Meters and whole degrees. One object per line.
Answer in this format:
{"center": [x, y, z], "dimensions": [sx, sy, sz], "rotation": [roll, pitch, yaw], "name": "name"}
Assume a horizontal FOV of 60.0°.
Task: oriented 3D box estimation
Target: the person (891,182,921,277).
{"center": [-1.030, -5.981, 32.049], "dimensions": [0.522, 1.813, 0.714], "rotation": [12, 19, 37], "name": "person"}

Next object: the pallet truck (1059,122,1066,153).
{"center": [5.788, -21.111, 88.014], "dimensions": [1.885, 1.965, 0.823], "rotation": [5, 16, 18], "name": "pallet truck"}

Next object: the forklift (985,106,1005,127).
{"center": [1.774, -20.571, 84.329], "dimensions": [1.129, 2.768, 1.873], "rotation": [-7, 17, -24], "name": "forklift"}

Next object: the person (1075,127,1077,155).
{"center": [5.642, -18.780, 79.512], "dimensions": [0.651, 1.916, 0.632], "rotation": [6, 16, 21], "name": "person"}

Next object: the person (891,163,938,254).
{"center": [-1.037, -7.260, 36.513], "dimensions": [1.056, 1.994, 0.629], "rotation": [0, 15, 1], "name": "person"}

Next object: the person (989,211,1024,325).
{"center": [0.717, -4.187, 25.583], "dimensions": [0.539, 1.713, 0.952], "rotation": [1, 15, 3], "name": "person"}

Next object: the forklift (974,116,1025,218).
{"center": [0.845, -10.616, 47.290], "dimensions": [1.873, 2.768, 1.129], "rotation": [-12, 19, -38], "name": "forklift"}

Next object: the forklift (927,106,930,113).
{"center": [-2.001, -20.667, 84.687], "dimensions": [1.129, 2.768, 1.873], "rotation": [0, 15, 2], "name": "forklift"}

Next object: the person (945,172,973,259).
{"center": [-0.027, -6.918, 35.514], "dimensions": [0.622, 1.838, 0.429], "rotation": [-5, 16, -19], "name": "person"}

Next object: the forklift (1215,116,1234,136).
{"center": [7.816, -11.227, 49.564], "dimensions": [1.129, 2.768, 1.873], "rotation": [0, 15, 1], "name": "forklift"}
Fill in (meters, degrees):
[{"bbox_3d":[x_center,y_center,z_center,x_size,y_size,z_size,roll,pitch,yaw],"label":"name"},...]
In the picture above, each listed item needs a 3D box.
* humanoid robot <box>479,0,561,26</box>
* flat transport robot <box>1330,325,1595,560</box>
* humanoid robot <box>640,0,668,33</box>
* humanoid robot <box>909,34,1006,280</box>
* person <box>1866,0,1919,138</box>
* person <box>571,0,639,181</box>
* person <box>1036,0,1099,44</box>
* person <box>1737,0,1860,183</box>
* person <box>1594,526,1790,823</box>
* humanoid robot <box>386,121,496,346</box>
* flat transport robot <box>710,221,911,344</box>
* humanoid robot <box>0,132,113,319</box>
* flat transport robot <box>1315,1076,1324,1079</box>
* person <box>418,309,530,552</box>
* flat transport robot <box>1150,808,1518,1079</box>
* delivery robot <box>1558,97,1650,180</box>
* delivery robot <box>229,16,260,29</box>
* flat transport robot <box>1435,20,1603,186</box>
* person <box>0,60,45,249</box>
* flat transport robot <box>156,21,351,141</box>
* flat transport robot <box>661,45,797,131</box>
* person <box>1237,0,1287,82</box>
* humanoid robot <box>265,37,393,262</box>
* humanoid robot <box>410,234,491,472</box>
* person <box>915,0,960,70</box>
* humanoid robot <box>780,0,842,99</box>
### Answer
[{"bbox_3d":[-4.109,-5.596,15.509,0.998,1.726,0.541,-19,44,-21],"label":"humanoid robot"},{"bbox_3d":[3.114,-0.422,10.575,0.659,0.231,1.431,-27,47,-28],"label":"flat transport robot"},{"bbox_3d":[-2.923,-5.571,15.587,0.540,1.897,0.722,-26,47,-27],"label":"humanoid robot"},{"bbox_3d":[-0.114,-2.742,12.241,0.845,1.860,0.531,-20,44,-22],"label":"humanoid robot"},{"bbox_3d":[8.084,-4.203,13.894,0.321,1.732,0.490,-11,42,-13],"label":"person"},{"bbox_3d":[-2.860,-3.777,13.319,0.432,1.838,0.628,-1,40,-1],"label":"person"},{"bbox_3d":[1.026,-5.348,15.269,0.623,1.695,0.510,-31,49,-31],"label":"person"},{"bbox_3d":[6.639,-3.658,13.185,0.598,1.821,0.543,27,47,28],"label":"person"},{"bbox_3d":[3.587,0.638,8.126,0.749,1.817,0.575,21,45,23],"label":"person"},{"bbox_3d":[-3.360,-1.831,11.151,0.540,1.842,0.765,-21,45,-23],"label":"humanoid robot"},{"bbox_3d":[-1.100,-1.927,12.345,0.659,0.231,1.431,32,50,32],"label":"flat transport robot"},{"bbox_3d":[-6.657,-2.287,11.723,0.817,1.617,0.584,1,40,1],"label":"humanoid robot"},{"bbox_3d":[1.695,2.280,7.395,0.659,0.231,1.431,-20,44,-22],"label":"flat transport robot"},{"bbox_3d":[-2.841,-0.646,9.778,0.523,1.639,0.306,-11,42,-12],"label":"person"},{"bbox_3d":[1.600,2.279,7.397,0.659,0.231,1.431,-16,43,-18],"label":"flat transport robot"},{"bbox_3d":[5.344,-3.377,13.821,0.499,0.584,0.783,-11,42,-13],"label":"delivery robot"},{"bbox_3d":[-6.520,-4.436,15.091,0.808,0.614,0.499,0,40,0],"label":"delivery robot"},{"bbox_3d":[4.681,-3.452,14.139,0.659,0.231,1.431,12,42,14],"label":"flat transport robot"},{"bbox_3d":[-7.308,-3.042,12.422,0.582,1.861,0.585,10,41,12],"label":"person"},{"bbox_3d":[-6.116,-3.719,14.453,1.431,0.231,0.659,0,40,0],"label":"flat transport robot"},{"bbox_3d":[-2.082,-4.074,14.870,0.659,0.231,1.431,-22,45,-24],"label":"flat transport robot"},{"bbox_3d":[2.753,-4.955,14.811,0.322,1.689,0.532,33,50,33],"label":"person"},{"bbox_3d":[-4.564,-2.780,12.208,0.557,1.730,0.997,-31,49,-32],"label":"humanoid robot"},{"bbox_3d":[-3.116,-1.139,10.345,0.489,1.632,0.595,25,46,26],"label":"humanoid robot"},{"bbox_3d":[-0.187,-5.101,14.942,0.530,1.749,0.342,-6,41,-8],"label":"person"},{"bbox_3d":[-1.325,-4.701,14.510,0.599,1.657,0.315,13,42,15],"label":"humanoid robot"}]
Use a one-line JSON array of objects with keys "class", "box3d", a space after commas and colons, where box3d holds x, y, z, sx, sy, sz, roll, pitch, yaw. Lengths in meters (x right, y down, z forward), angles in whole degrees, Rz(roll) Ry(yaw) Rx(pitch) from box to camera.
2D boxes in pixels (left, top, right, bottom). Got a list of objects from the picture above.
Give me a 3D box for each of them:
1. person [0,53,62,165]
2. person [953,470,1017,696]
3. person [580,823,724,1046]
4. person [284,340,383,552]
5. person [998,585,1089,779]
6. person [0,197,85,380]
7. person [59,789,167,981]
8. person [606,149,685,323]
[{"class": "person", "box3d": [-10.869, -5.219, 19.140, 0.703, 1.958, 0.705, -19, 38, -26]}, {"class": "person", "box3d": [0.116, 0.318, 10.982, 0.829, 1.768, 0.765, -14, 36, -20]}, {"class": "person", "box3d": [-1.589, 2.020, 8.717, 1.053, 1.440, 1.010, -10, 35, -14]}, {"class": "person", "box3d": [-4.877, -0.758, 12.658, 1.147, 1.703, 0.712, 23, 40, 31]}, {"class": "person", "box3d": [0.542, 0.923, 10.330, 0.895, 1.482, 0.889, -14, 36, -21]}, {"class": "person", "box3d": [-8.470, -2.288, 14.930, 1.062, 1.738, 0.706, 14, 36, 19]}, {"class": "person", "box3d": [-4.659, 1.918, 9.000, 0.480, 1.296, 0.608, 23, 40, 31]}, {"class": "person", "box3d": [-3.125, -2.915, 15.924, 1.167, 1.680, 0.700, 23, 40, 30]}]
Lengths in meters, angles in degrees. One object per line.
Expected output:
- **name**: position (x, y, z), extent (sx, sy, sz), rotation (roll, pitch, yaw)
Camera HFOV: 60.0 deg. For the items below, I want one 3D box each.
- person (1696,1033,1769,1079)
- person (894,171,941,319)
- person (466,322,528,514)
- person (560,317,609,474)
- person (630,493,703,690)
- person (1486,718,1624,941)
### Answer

[What this task involves]
Go through the material above and output exactly the lines from the one containing "Target: the person (891,182,921,277)." through the one containing "transport robot <box>1315,1076,1324,1079</box>".

[The completed task]
Target: the person (891,182,921,277).
{"center": [-1.030, -5.981, 32.049], "dimensions": [0.522, 1.813, 0.714], "rotation": [12, 19, 37], "name": "person"}

Next object: the pallet truck (1059,122,1066,153).
{"center": [5.788, -21.111, 88.014], "dimensions": [1.885, 1.965, 0.823], "rotation": [5, 16, 18], "name": "pallet truck"}

Next object: the forklift (985,106,1005,127).
{"center": [1.774, -20.571, 84.329], "dimensions": [1.129, 2.768, 1.873], "rotation": [-7, 17, -24], "name": "forklift"}

Next object: the person (1075,127,1077,155).
{"center": [5.642, -18.780, 79.512], "dimensions": [0.651, 1.916, 0.632], "rotation": [6, 16, 21], "name": "person"}

Next object: the person (891,163,938,254).
{"center": [-1.037, -7.260, 36.513], "dimensions": [1.056, 1.994, 0.629], "rotation": [0, 15, 1], "name": "person"}

Next object: the person (989,211,1024,325).
{"center": [0.717, -4.187, 25.583], "dimensions": [0.539, 1.713, 0.952], "rotation": [1, 15, 3], "name": "person"}

Next object: the forklift (974,116,1025,218).
{"center": [0.845, -10.616, 47.290], "dimensions": [1.873, 2.768, 1.129], "rotation": [-12, 19, -38], "name": "forklift"}

Next object: the forklift (927,106,930,113).
{"center": [-2.001, -20.667, 84.687], "dimensions": [1.129, 2.768, 1.873], "rotation": [0, 15, 2], "name": "forklift"}

Next object: the person (945,172,973,259).
{"center": [-0.027, -6.918, 35.514], "dimensions": [0.622, 1.838, 0.429], "rotation": [-5, 16, -19], "name": "person"}

Next object: the forklift (1215,116,1234,136).
{"center": [7.816, -11.227, 49.564], "dimensions": [1.129, 2.768, 1.873], "rotation": [0, 15, 1], "name": "forklift"}
Fill in (meters, degrees):
[{"bbox_3d":[x_center,y_center,z_center,x_size,y_size,z_size,roll,pitch,yaw],"label":"name"},...]
In the picture above, each listed item needs a 3D box.
* humanoid robot <box>479,0,561,26</box>
* flat transport robot <box>1330,325,1595,560</box>
* humanoid robot <box>640,0,668,33</box>
* humanoid robot <box>909,34,1006,280</box>
* person <box>1866,0,1919,138</box>
* person <box>571,0,639,181</box>
* person <box>1036,0,1099,44</box>
* person <box>1737,0,1860,183</box>
* person <box>1594,526,1790,823</box>
* humanoid robot <box>386,121,496,346</box>
* flat transport robot <box>710,221,911,344</box>
* humanoid robot <box>0,132,113,319</box>
* flat transport robot <box>1315,1076,1324,1079</box>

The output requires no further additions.